No início de novembro, o governo do estado tombou o imóvel. A proposta foi feita pela Coordenação de Registro e Conservação da secretaria estadual de Cultura – Secult – e aprovada por unanimidade pelo Conselho. O decreto foi publicado no Diário Oficial e vale também para o entorno do prédio – uma área de proteção de 8.598,51m². 

A participação da sociedade civil e o envolvimento de órgãos como o Conselho de Arquitetura e Urbanismo (CAU) e do Conselho Municipal de Política Cultural de Teresina foram fundamentais para o diálogo com os responsáveis pelas intervenções no local, como cita Claudiana. “É um processo”, explica. “O teresinense não considera a arquitetura eclética como patrimônio, ninguém chama ‘o centro histórico de Teresina’, por exemplo”, comenta a arquiteta e urbanista do Instituto do Patrimônio Histórico e Artístico Nacional – o Iphan, no Piauí. “Acham que o passado ainda é recente e em construção e, por isso, não precisa ser preservado. É sempre a perspectiva do futuro, do porvir”.  

Outros pontos de atrito para a preservação desse patrimônio são a legislação e a inércia de órgãos fiscalizadores. Em seis anos, este aspecto sofreu pouca ou quase nenhuma mudança. “Nossa legislação induz a isso. Ela é muito permissiva e a noção é muito perversa porque grande parte dos imóveis do centro da cidade é privado”, observa. “É muito comum a confusão entre patrimônio público e cultural”. 

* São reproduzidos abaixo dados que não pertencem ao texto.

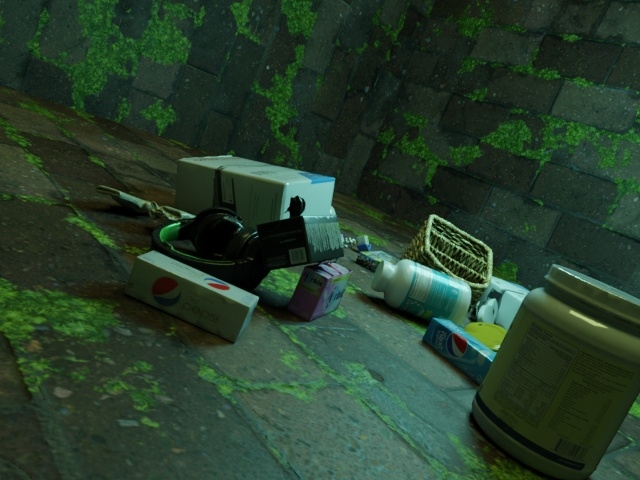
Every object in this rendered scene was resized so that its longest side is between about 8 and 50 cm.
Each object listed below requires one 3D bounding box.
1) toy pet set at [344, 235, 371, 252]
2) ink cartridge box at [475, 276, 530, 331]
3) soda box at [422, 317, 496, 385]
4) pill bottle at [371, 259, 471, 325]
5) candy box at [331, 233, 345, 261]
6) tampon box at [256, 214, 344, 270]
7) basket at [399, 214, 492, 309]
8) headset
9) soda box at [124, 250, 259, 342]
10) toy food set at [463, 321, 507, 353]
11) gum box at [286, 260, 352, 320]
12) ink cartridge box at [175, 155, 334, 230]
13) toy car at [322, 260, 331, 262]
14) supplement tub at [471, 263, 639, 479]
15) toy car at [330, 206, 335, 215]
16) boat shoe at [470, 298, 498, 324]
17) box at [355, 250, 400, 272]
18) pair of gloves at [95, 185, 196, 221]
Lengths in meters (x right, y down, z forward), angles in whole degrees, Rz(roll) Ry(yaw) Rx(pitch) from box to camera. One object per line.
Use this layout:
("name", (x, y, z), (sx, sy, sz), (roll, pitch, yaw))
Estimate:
("toy pet set", (0.144, 0.022, 2.166), (0.114, 0.065, 0.122), (-11, -7, 25))
("ink cartridge box", (0.715, 0.251, 1.954), (0.223, 0.129, 0.307), (19, 12, -20))
("soda box", (0.346, 0.266, 1.291), (0.071, 0.067, 0.210), (15, 12, -35))
("pill bottle", (0.284, 0.145, 1.545), (0.264, 0.146, 0.146), (22, 11, -4))
("candy box", (0.000, 0.000, 1.882), (0.159, 0.071, 0.233), (23, 11, -1))
("tampon box", (-0.041, 0.003, 1.181), (0.120, 0.101, 0.161), (-11, -3, 28))
("basket", (0.473, 0.080, 1.930), (0.299, 0.223, 0.213), (31, 15, -11))
("headset", (-0.192, -0.012, 1.242), (0.243, 0.185, 0.394), (30, 25, 37))
("soda box", (-0.225, 0.096, 0.941), (0.216, 0.073, 0.069), (24, 11, 3))
("toy food set", (0.456, 0.290, 1.432), (0.128, 0.071, 0.218), (-4, 14, -9))
("gum box", (0.005, 0.112, 1.243), (0.062, 0.107, 0.188), (27, 11, 19))
("ink cartridge box", (-0.200, -0.144, 1.638), (0.395, 0.166, 0.285), (16, 16, 27))
("toy car", (0.018, 0.058, 1.686), (0.041, 0.060, 0.122), (-13, 12, -11))
("supplement tub", (0.444, 0.230, 0.973), (0.235, 0.324, 0.235), (22, 10, -4))
("toy car", (-0.032, -0.082, 2.066), (0.159, 0.136, 0.182), (-17, -32, 17))
("boat shoe", (0.543, 0.248, 1.803), (0.070, 0.077, 0.219), (-9, 1, 28))
("box", (0.247, 0.093, 2.000), (0.159, 0.044, 0.233), (28, 12, 24))
("pair of gloves", (-0.428, -0.077, 1.371), (0.240, 0.042, 0.204), (18, -3, 5))

O Plano Diretor de Teresina, aprovado em 2019, trouxe apenas modificações na denominação de zonas e alterações confusas no texto. A Lei Municipal Nº 3.563 de outubro de 2006 – que protege apenas as fachadas dos prédios históricos – também segue sem grandes atualizações. Se por um lado a discussão avançou e fez surgir mobilizações sociais importantes, no campo institucional houve retrocesso. “Não houve avanço, não houve concurso, acho que a única mudança foi a criação do Conselho de Cultura da cidade, mas a própria instituição parece não entender o papel do Conselho”, aponta. “Não houve nenhum fortalecimento”.  

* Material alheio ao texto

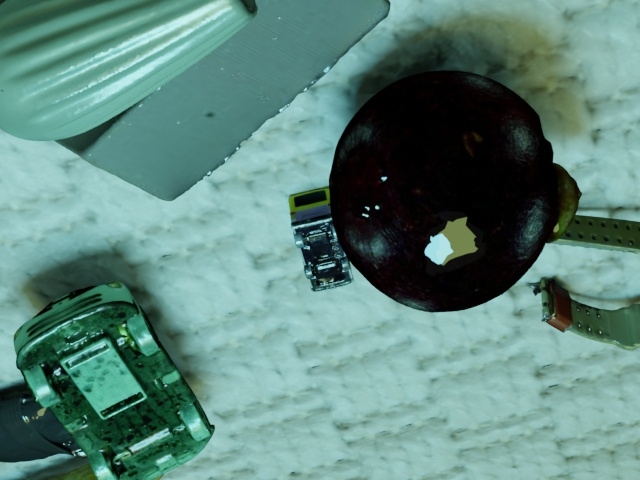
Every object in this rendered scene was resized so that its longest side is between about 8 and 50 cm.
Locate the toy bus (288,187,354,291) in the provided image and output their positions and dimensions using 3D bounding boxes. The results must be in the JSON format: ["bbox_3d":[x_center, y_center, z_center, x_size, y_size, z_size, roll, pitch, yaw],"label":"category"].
[{"bbox_3d":[0.000,0.000,1.679,0.052,0.058,0.102,-13,136,4],"label":"toy bus"}]

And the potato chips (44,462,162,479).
[{"bbox_3d":[-0.328,0.305,1.965,0.407,0.080,0.057,-22,150,14],"label":"potato chips"}]

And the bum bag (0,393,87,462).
[{"bbox_3d":[-0.365,0.220,1.864,0.248,0.060,0.123,-14,142,6],"label":"bum bag"}]

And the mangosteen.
[{"bbox_3d":[0.136,-0.045,1.535,0.265,0.228,0.228,2,141,-36],"label":"mangosteen"}]

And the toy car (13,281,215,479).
[{"bbox_3d":[-0.220,0.144,1.748,0.136,0.125,0.306,-27,142,-1],"label":"toy car"}]

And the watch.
[{"bbox_3d":[0.304,0.043,1.785,0.268,0.102,0.165,9,139,-11],"label":"watch"}]

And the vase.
[{"bbox_3d":[-0.168,-0.170,1.365,0.248,0.128,0.128,-19,141,22],"label":"vase"}]

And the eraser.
[{"bbox_3d":[-0.096,-0.147,1.467,0.111,0.077,0.352,28,128,-34],"label":"eraser"}]
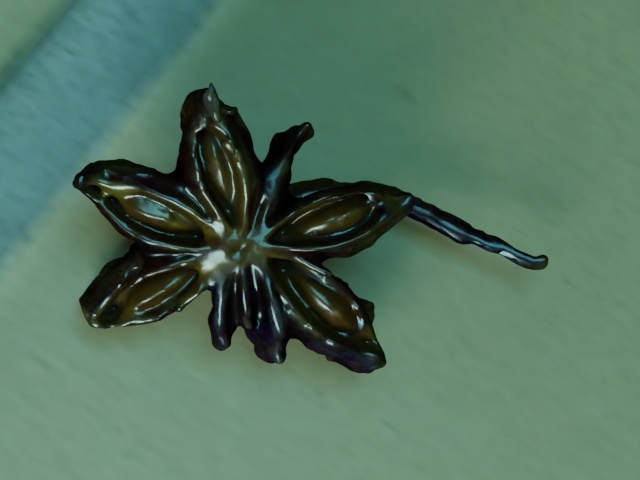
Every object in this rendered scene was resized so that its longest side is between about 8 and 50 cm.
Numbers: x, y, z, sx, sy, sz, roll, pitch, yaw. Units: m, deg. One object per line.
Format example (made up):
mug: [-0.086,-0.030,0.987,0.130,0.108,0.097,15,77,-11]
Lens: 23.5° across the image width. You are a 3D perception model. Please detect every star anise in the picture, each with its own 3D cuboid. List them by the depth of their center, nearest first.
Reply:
star anise: [0.000,0.000,0.576,0.191,0.070,0.097,13,97,-13]

De lá para cá, algumas audiências tiveram participação popular em discussões, por exemplo, sobre a construção do corredor de ônibus na Frei Serafim – obra de muito impacto nas características da avenida. “Foi participativo, mas as considerações da sociedade não foram levadas em conta”, critica a arquiteta. Houve também uma tentativa da Prefeitura Municipal de realizar um inventário do patrimônio histórico de Teresina – plano frustrado que não saiu do papel.  

Madalena vive 

Era o último dia de junho de 2015 quando um estudante de arquitetura viu na timeline um post-denúncia: mais uma casa no centro da cidade começava a ser destruída, na calada da noite. Ele anotou o endereço e chamou alguns amigos para irem até lá na manhã seguinte. “A intenção era só investigar o que estava rolando, quem eram os responsáveis”, relembra. “Não encontramos ninguém e resolvemos ficar lá algum tempinho, aguardando”. Esse tempo virou 13 dias de ocupação. 

A prefeitura aceitou o papel de cúmplice da destruição da nossa memória. – Luan Rusvell, arquiteto, participante da ocupação Viva Madalena.

A mobilização começou nas redes sociais e foi parar naquele número na rua Félix Pacheco. Estudantes de arquitetura, urbanismo, jornalismo e outras áreas se juntaram em defesa da casa de dona Madalena Maria Poty Dummond – em referência à antiga dona, o movimento recebeu o nome de Viva Madalena e foi marcante para quem, mesmo de longe, acompanhou.  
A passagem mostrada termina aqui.